Here are the records. Write out exactly the lines between the one holding "40) rack shelf <box>1071,438,1127,477</box>" and the one holding "43) plastic bottle <box>1581,45,1598,55</box>", inclusive.

======

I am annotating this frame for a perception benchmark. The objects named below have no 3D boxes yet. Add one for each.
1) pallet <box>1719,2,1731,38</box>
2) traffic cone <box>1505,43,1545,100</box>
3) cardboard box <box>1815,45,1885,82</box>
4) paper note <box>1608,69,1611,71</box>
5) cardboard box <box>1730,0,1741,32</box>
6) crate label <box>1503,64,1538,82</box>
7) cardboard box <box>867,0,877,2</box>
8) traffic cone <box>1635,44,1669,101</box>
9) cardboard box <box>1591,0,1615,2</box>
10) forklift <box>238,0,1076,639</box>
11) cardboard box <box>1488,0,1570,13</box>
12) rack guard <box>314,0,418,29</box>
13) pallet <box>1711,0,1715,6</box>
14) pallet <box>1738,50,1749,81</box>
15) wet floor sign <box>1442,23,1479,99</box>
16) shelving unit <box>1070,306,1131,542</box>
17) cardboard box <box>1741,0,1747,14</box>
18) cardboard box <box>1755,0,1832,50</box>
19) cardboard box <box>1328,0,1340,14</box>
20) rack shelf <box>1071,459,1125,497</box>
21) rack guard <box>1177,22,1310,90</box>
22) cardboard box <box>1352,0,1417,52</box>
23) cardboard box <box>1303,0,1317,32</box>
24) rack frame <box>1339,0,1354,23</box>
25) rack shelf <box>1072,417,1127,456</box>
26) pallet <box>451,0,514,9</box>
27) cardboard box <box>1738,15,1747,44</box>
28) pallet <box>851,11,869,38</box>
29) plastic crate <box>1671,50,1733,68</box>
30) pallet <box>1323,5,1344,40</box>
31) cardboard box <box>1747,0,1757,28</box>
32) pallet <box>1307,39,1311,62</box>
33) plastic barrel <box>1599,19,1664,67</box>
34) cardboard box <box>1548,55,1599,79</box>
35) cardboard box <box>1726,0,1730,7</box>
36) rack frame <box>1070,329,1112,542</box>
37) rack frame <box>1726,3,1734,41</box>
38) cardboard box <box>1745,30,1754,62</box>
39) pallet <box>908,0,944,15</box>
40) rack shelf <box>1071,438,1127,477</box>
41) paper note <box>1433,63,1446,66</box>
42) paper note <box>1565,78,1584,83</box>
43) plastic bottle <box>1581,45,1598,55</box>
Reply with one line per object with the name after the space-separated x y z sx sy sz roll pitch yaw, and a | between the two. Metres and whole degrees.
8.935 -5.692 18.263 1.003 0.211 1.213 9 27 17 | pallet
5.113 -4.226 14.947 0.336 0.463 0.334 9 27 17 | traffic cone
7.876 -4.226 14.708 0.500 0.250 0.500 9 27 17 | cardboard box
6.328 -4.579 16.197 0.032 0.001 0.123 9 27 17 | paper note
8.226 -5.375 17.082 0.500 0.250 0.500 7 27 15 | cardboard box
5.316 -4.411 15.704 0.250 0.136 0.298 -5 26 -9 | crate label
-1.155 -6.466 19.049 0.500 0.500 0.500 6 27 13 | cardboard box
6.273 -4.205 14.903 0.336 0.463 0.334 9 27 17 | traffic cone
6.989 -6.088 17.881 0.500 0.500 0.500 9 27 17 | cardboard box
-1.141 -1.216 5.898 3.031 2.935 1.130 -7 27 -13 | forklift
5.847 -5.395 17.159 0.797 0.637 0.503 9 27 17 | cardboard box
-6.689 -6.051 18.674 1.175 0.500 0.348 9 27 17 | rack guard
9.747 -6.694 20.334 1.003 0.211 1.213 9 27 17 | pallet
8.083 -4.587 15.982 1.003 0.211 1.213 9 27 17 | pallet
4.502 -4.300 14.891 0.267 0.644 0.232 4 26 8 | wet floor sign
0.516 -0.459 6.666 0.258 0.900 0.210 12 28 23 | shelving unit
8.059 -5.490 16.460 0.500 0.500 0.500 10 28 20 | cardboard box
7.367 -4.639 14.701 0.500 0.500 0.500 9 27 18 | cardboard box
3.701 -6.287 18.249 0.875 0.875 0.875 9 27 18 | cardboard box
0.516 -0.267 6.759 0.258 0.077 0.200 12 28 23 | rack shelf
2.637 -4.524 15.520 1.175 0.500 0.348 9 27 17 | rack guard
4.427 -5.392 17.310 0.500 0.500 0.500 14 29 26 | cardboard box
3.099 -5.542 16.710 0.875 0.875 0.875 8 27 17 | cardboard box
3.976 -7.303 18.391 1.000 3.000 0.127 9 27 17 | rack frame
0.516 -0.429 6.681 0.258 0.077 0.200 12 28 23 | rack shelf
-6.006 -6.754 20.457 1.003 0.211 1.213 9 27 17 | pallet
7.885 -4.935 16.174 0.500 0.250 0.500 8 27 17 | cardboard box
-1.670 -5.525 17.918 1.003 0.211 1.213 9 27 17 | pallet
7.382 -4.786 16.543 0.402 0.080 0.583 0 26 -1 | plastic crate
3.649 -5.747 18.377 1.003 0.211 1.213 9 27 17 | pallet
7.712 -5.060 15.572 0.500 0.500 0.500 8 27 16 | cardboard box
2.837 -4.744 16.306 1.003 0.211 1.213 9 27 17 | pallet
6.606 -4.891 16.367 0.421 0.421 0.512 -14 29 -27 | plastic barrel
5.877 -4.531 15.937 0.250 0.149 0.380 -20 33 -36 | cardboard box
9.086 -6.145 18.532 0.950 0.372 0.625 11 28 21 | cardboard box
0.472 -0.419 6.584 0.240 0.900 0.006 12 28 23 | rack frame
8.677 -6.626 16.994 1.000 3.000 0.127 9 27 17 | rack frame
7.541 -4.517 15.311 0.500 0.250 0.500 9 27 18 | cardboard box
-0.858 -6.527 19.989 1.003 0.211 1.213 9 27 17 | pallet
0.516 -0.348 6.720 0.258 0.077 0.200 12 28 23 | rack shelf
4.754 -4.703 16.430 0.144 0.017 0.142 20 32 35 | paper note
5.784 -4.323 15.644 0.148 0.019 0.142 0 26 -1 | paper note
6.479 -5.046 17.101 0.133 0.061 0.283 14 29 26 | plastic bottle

======

Reply:
40) rack shelf <box>1071,438,1127,477</box>
41) paper note <box>1433,63,1446,66</box>
42) paper note <box>1565,78,1584,83</box>
43) plastic bottle <box>1581,45,1598,55</box>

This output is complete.